The decision was taken up with the aim to do away with the monopoly of both gas companies – SSGC and SNGPL. And under the decision the private sector will share the burden of PLL in terms of payment of capacity charges to the terminal. And, in return, the private sector will import LNG on its own and provide cheaper RLNG to its consumers. The PLL issued to this effect an advertisement seeking interest from the interested parties to import 150 mmcfd LNG in October 2020, 200 mmcfd in November 2020, 200 mmfd in February 2020 and 150 mmcfd in March 2021. But now under the new scenario, the PLL took a U turn and refused to ink the IUA, knowing that the government projections are that the gap this winter would be 150-250 mmscfd in the SSGC system and 500-750 mmscfd in the SNGPL system.
The top sources told The News that in the Negotiation Committee meetings, PLTL and PLL have refused to finalize the Inter-User Agreement (IUA) and, in the Negotiation Committee meetings and otherwise, have put forward terms that make private sector imports impossible.
The decision of the federal cabinet notwithstanding, the effort of PLTL and PLL, it appears, is to thwart the efforts of the government to ease the burden of the general public by bringing in cheaper LNG and making it available in the required volumes.
The PGPL Terminal has additional capacity to re-gasify the LNG of 150 mmcfd, which cannot be used unless and until PLL and PLTL ink Inter-User Agreement. More importantly, the private companies cannot utilize the unutilized capacity of the government in the PGPCL Terminal in the absence of IUA.
The officials said that both the state-owned gas companies — SSGC and SNGPL — continue to resist providing the private sector access to their pipeline systems, contrary to the national interest and their own financial interest.

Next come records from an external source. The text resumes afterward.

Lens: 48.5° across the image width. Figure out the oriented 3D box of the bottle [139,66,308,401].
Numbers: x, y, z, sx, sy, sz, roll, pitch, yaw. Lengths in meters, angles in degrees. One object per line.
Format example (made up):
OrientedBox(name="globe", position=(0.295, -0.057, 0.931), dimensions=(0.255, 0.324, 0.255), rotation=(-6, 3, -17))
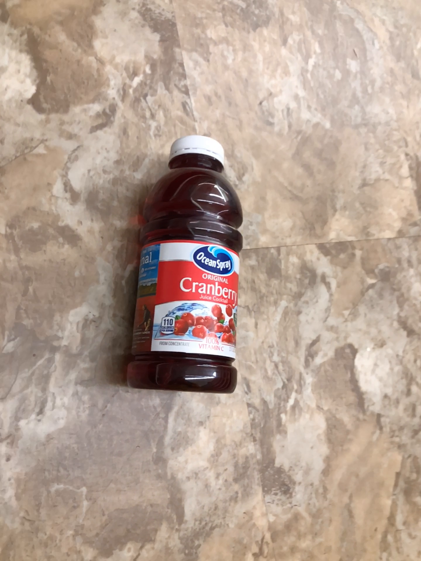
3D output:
OrientedBox(name="bottle", position=(0.012, -0.027, 0.359), dimensions=(0.090, 0.083, 0.226), rotation=(10, 74, -26))
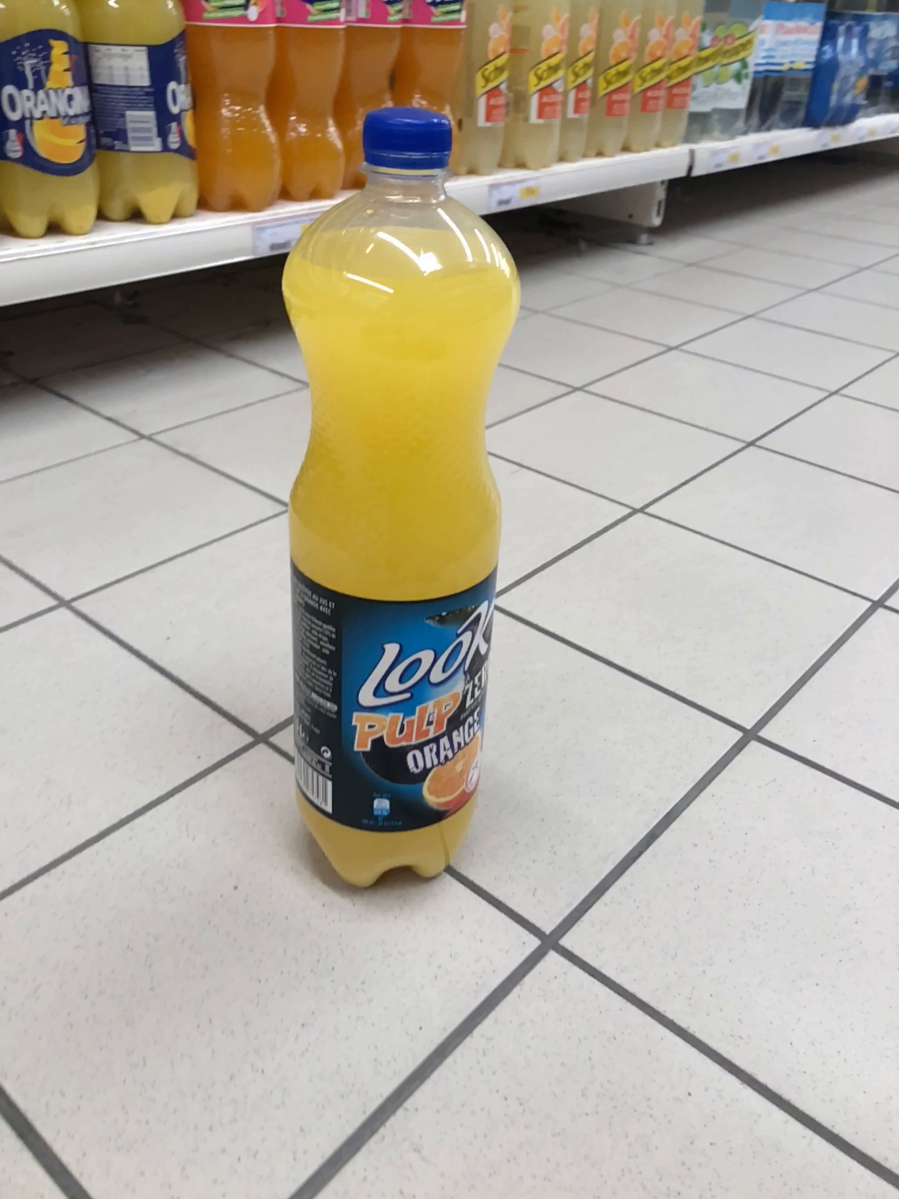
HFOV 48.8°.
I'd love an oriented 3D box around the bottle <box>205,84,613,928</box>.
[{"bbox_3d":[-0.024,-0.029,0.409,0.100,0.318,0.100,2,31,-1],"label":"bottle"}]
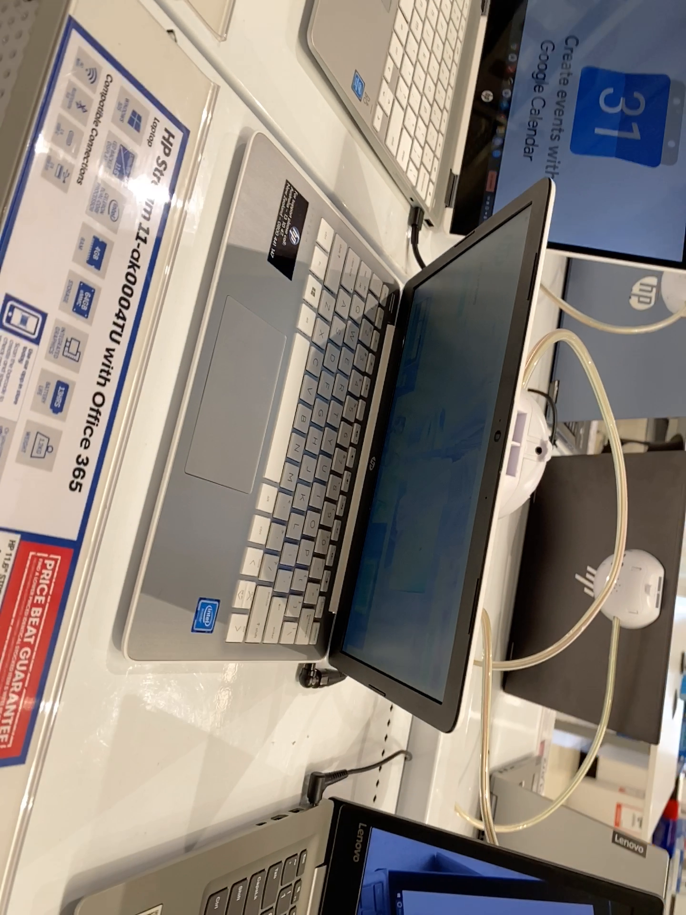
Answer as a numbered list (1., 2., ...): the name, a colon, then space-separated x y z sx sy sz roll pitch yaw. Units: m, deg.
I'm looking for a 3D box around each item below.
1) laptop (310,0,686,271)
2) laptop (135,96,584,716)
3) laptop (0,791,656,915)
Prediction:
1. laptop: 0.156 -0.326 0.509 0.299 0.189 0.257 27 71 -59
2. laptop: 0.031 -0.018 0.408 0.182 0.138 0.276 28 71 -57
3. laptop: 0.014 0.396 0.362 0.277 0.211 0.326 25 73 -58

The gas utilities are opposing the third party access (TPA) rules, which the federal government approved six months ago. “SSGC and SNGPL are opposing the private LNG import fearing their consumers will get out of their ambit and join the LNG importers for cheaper gas.”
The officials said that OGRA lacks the expertise and authority to put everyone in one room and hammer out sustainable decisions on all regulatory issues.
They said that the Planning Commission has been holding sessions regarding compensation to be paid by the PGPC to PLTL and by the Engro Terminal to SSGC since July 2020 with no outcome so far and is largely influenced by the Petroleum Division, PLL, and PLTL.
Independent LNG experts are of the view that the Planning Commission should inform the cabinet that due to resistance from within state enterprises, it is unable to make any recommendations. It should request the cabinet for the formation of a new committee comprising the Finance Adviser, SAPM on Petroleum, Deputy Chairman of the Planning Commission, MD SSGC, MD SNGPL, CEO PGPC, CEO of the Engro Terminal, and the Senior Member OGRA (in the absence of the chairman), and this committee should be tasked with the responsibility to remove all obstacles in the way of private sector imports, draft and approve a standard Inter-User Agreement.
They said that the committee should also draft and approve a Third Party Access agreement, as a standalone document and set the parameters of compensation to be given by the private sector to PLTL or SSGC, as the case may be, so that there is top level support and no intervention is made in the process.